(Beginning of Provided records)
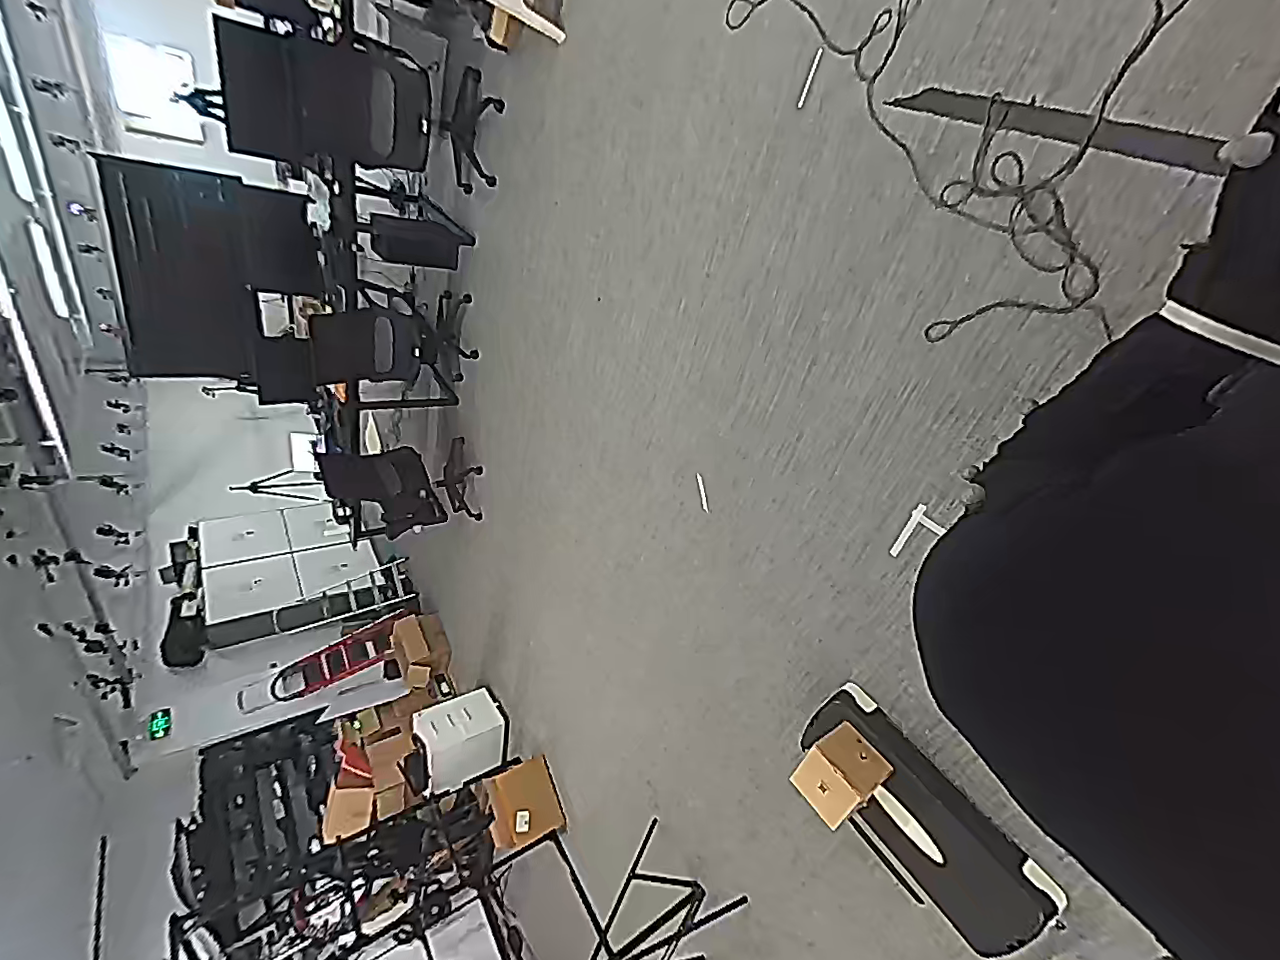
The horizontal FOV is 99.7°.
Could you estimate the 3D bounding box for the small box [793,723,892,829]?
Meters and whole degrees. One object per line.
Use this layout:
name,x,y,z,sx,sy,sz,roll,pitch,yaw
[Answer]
small box,0.572,0.827,1.524,0.168,0.176,0.179,44,130,38
(End of Provided records)
Transcribe each line above verbatim, with the pictures left out.

* [The completed task]
The horizontal FOV is 99.7°.
Could you estimate the 3D bounding box for the small box [793,723,892,829]?
Meters and whole degrees. One object per line.
Use this layout:
name,x,y,z,sx,sy,sz,roll,pitch,yaw
[Answer]
small box,0.572,0.827,1.524,0.168,0.176,0.179,44,130,38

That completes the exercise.